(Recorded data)
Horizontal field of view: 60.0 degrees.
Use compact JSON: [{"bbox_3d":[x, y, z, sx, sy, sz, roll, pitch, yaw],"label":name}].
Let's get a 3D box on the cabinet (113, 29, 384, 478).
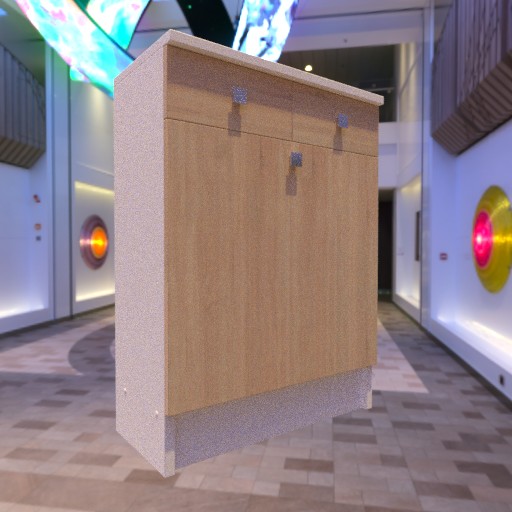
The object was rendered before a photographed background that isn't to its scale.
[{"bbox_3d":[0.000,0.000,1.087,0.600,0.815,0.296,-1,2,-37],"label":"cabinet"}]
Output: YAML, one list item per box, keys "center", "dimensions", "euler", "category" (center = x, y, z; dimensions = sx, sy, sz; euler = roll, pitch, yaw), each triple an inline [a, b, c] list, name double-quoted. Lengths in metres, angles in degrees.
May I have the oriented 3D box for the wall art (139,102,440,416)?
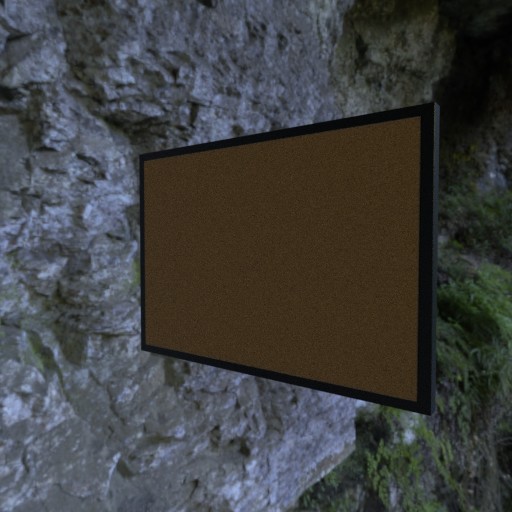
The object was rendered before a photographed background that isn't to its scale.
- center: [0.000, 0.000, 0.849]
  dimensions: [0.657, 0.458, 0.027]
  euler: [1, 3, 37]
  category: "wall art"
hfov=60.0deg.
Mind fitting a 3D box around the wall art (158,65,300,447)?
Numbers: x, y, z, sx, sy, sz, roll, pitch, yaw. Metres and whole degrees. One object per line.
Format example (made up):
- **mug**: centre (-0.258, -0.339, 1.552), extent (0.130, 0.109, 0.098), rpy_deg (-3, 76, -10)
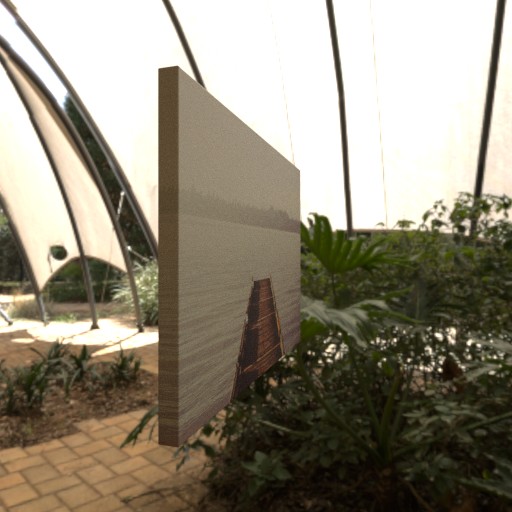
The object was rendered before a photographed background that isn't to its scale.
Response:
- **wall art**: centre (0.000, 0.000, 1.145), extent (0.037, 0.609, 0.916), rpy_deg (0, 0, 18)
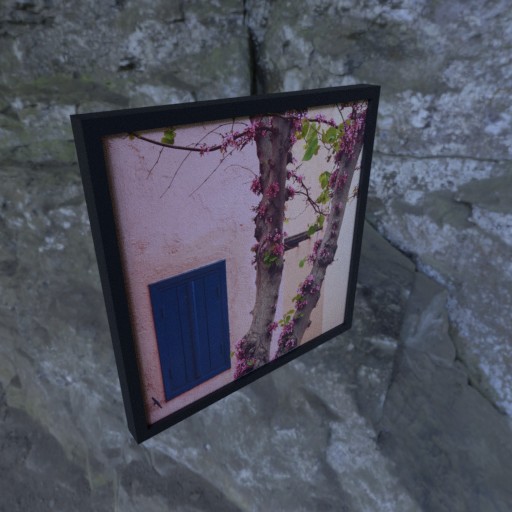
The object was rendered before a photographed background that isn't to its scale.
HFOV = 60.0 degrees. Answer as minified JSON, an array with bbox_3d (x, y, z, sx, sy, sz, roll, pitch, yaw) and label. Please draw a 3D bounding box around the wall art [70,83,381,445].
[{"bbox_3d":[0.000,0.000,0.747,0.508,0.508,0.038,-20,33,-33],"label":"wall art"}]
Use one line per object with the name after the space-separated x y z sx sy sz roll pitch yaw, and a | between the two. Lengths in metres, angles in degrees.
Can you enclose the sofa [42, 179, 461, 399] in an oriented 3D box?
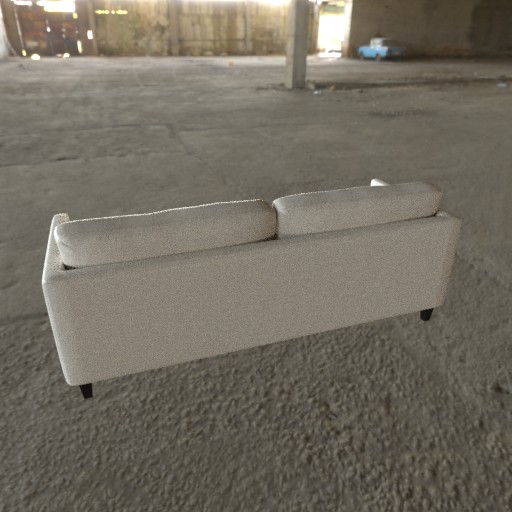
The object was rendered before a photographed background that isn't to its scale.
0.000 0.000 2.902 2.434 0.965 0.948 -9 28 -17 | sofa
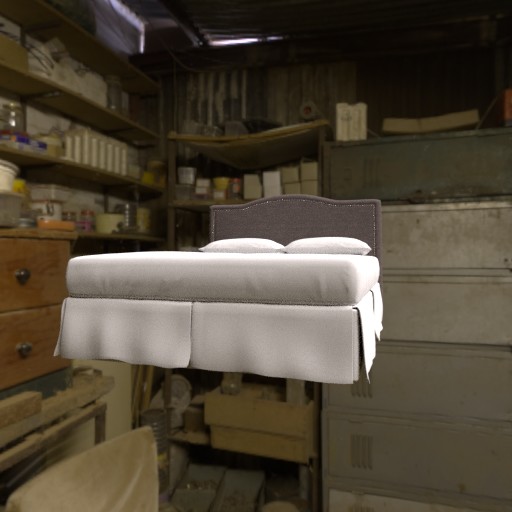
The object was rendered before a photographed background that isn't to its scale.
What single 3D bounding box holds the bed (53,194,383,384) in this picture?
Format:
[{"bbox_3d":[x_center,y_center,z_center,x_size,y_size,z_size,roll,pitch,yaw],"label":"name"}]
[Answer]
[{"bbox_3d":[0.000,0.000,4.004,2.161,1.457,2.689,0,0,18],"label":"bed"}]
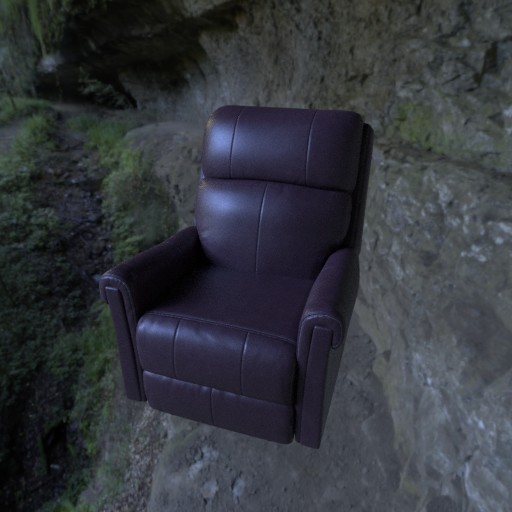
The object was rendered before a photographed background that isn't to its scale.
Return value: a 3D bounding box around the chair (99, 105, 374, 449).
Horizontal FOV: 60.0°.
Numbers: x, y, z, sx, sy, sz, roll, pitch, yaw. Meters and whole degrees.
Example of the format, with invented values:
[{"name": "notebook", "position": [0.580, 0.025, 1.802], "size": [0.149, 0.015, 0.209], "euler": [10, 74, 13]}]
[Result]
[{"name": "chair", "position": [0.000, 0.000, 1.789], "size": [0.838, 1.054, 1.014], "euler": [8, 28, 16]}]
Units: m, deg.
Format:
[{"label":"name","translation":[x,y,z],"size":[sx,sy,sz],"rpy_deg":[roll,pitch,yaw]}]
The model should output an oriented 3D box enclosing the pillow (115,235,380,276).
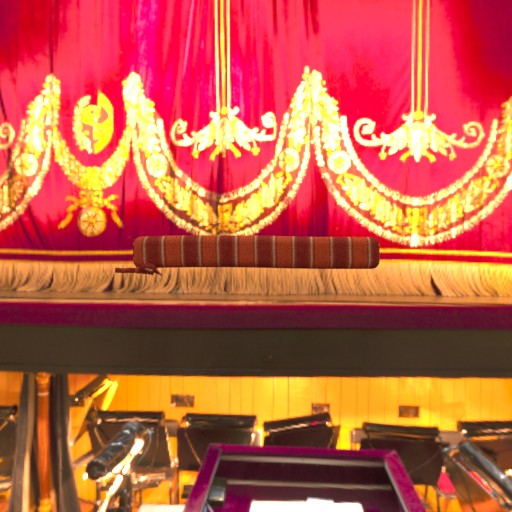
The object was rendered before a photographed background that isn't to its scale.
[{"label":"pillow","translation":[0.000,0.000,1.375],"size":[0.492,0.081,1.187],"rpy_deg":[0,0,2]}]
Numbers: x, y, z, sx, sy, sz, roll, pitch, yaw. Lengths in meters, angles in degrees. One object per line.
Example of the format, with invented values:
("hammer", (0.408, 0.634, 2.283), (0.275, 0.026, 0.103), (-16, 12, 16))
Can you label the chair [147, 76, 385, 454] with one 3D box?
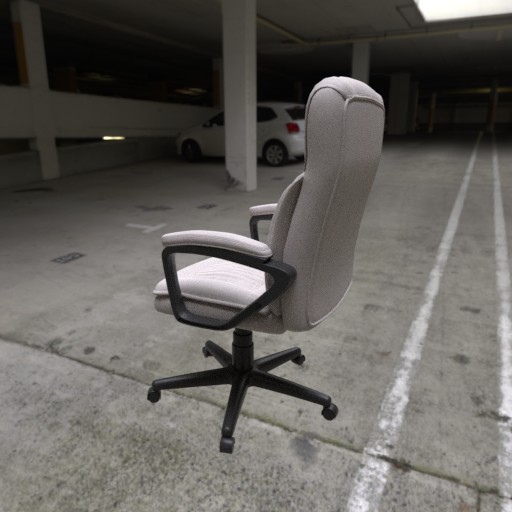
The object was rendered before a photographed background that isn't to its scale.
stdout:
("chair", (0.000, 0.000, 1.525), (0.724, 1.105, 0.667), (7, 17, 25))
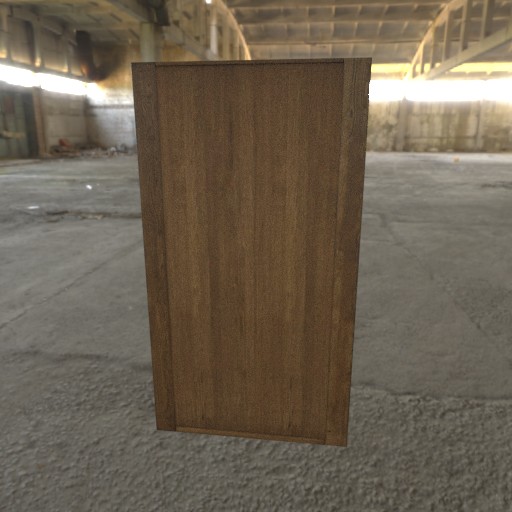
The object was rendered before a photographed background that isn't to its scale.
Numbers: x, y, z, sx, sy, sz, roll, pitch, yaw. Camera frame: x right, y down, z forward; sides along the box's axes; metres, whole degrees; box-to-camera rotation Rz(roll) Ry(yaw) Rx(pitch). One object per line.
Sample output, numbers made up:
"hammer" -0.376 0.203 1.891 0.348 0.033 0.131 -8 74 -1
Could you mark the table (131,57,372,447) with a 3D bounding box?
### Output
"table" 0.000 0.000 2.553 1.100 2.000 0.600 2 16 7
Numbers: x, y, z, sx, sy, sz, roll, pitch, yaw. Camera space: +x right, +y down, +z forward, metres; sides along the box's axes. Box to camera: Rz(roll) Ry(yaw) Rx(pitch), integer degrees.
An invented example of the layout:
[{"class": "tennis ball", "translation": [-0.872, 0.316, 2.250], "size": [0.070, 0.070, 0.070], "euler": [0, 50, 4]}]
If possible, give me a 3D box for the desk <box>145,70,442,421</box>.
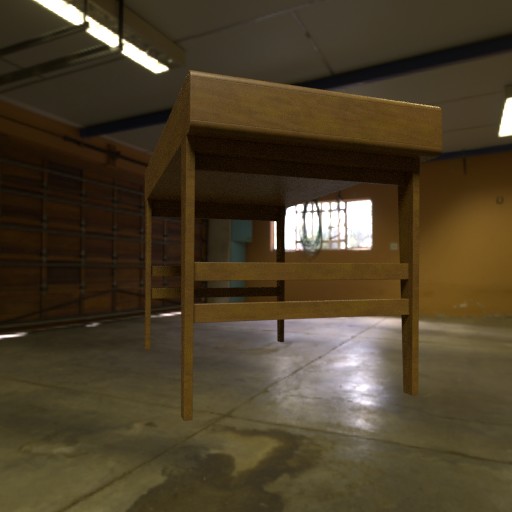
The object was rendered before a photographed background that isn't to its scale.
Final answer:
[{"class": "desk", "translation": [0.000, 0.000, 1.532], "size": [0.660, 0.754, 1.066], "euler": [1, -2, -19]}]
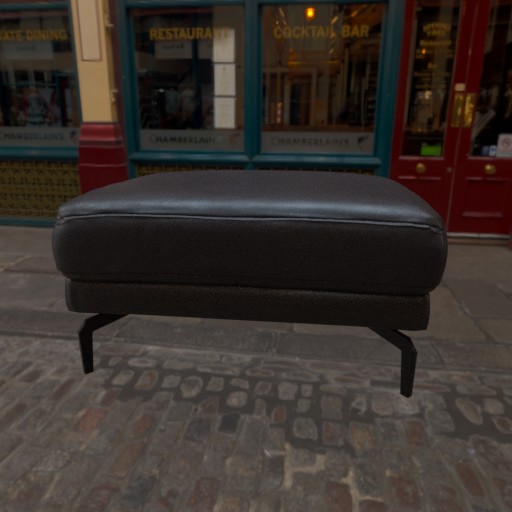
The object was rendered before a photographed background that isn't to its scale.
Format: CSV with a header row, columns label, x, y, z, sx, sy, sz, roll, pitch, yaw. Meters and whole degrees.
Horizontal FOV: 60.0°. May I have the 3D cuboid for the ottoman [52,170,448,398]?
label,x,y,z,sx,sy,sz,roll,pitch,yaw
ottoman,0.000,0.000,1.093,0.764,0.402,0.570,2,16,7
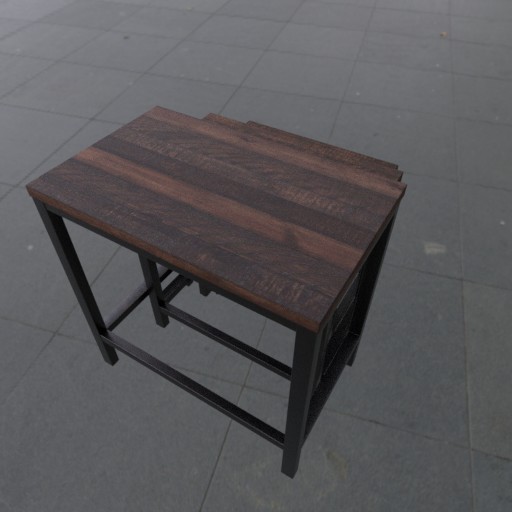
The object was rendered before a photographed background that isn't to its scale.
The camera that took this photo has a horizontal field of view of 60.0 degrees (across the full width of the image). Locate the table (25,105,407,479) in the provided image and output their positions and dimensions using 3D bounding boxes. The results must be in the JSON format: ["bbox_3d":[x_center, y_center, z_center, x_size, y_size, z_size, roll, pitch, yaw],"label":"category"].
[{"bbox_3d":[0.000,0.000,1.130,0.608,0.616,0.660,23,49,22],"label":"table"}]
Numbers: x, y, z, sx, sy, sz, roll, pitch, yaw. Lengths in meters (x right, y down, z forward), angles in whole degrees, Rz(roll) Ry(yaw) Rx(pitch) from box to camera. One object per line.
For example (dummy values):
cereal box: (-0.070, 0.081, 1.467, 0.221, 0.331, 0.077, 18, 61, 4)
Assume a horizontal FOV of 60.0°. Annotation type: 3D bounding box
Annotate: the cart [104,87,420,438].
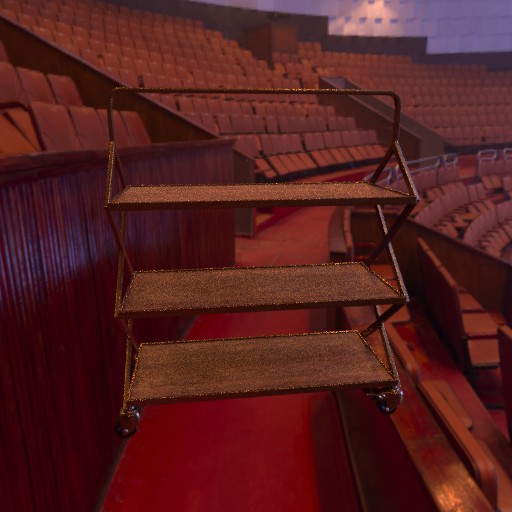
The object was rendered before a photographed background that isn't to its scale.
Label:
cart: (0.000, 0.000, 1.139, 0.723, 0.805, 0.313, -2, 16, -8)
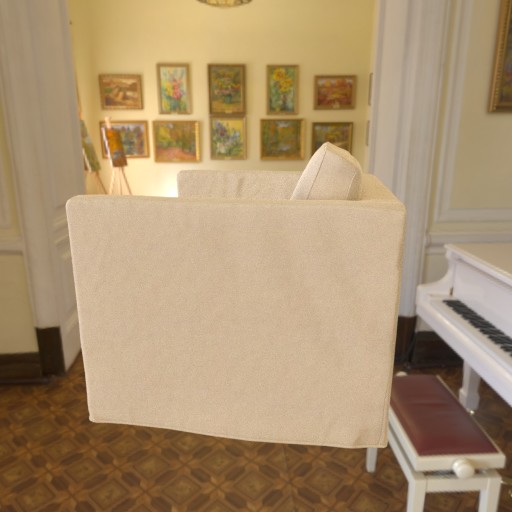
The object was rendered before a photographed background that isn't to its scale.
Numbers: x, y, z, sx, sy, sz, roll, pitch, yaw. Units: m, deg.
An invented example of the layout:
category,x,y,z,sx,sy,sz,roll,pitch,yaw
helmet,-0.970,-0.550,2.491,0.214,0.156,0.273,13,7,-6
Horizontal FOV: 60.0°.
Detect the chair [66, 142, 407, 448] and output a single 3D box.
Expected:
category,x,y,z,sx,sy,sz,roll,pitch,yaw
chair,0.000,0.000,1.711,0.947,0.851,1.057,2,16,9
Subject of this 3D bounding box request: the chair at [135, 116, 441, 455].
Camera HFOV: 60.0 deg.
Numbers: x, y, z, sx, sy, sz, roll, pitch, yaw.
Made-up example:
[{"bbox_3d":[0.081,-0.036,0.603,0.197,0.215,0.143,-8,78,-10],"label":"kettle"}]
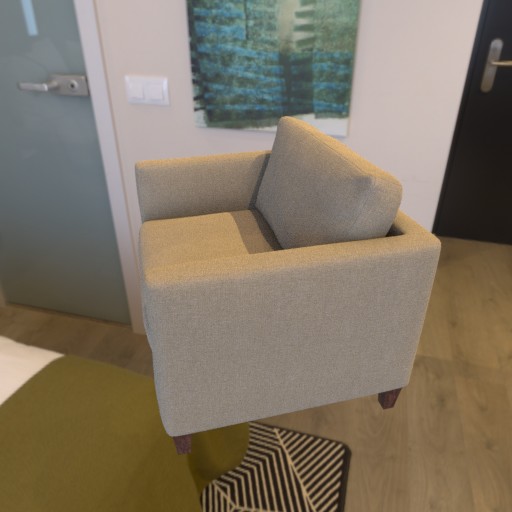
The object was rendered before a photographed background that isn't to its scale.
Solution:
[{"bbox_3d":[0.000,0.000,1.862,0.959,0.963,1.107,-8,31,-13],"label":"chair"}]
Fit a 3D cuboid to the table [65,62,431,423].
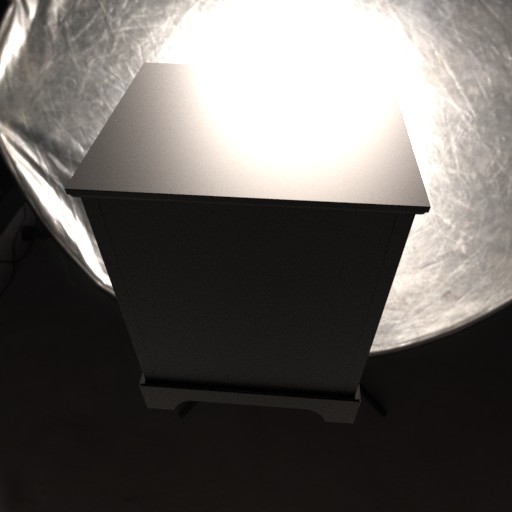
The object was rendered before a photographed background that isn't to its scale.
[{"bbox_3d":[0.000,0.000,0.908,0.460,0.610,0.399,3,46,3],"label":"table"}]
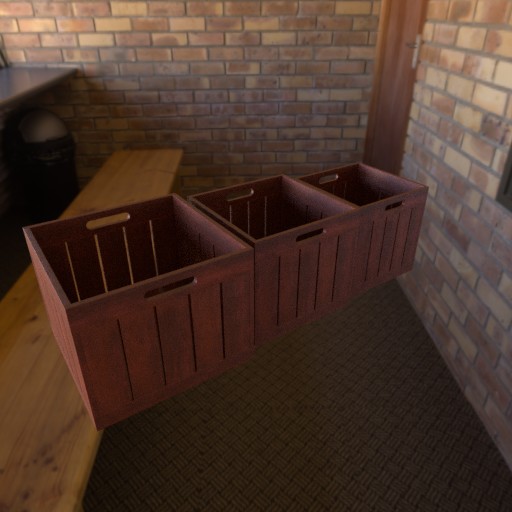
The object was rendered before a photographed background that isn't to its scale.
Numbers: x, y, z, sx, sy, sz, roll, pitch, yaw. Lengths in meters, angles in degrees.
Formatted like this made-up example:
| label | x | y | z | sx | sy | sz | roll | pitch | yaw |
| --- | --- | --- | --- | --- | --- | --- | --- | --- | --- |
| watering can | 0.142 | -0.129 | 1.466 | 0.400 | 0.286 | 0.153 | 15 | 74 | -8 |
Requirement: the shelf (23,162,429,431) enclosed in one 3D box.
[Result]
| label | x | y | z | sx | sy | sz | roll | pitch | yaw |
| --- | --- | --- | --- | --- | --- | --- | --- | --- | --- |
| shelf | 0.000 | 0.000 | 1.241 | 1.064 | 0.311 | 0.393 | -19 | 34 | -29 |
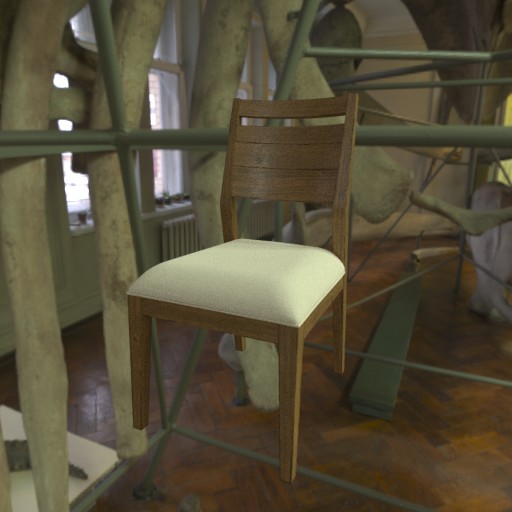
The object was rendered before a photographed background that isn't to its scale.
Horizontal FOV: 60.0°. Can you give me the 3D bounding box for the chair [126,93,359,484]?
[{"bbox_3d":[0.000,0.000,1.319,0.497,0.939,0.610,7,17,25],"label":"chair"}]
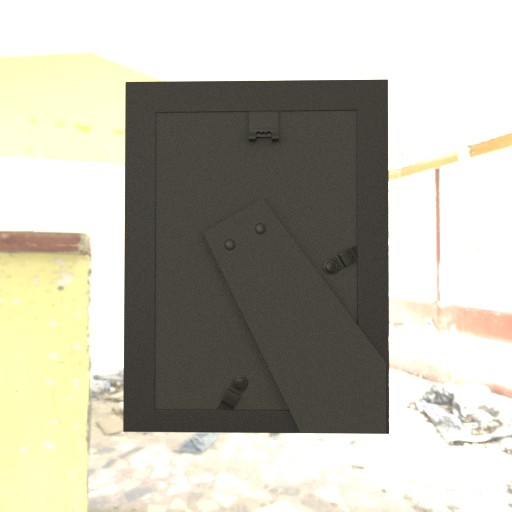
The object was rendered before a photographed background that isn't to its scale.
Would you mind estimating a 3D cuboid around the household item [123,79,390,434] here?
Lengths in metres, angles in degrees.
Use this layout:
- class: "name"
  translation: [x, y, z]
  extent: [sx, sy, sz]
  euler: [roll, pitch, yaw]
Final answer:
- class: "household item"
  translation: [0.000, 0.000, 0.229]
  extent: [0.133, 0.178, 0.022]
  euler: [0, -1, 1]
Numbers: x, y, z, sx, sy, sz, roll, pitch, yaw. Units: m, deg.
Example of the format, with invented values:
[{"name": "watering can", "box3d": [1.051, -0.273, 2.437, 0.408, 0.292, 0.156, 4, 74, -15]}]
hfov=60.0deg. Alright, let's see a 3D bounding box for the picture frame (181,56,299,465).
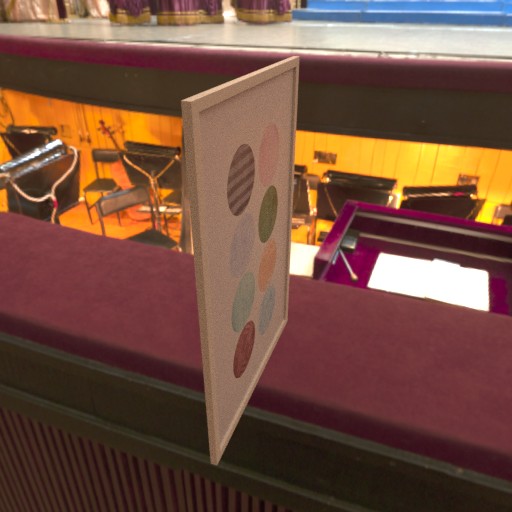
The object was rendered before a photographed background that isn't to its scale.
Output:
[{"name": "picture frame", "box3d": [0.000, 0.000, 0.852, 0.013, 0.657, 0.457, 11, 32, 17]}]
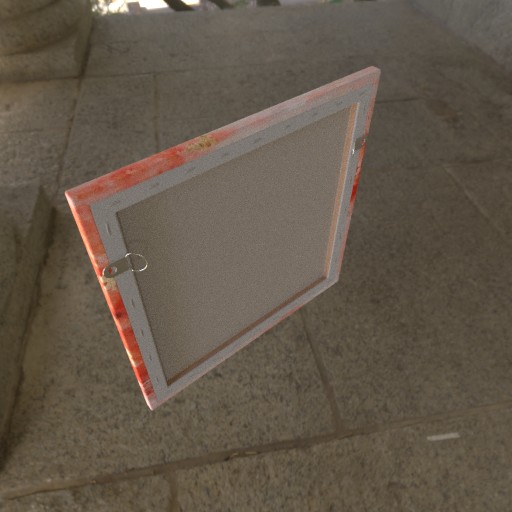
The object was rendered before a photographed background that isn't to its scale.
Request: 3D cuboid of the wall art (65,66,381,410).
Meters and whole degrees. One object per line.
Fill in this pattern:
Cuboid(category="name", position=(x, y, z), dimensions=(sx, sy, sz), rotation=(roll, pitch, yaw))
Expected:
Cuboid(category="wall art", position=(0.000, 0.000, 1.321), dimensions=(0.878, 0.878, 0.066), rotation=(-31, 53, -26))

- **Task requirements**:
Lines after the one containing "Let's get a" are not wanted; repeat exactly each line above from the first up to and including it.

- **Response box**:
Horizontal field of view: 60.0 degrees.
Use compact JSON: [{"bbox_3d":[x, y, z, sx, sy, sz, roll, pitch, yaw],"label":name}].
Let's get a 3D box on the cabinet (113, 29, 384, 478).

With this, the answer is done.